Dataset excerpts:
↓

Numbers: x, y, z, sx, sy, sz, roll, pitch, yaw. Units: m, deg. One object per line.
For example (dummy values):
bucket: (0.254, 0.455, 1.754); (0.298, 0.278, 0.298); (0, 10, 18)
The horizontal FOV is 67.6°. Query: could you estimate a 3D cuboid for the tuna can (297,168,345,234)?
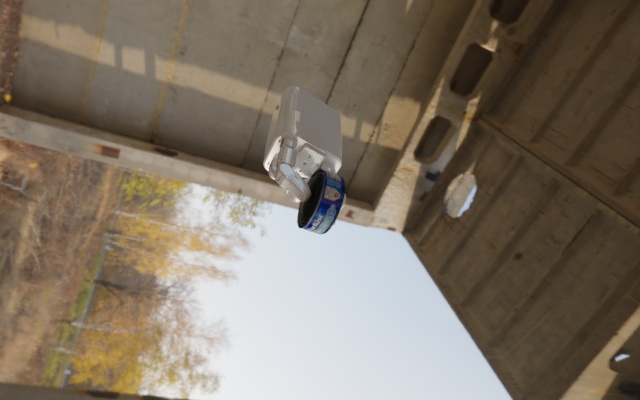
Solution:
tuna can: (0.001, 0.002, 0.648); (0.034, 0.086, 0.086); (20, -6, -17)

↑

EXERCISE PROMPT: Copy all of the data word for word, and keep the pictures out of it.

TASK OUTPUT:
Numbers: x, y, z, sx, sy, sz, roll, pitch, yaw. Units: m, deg. One object per line.
For example (dummy values):
bucket: (0.254, 0.455, 1.754); (0.298, 0.278, 0.298); (0, 10, 18)
The horizontal FOV is 67.6°. Query: could you estimate a 3D cuboid for the tuna can (297,168,345,234)?
Solution:
tuna can: (0.001, 0.002, 0.648); (0.034, 0.086, 0.086); (20, -6, -17)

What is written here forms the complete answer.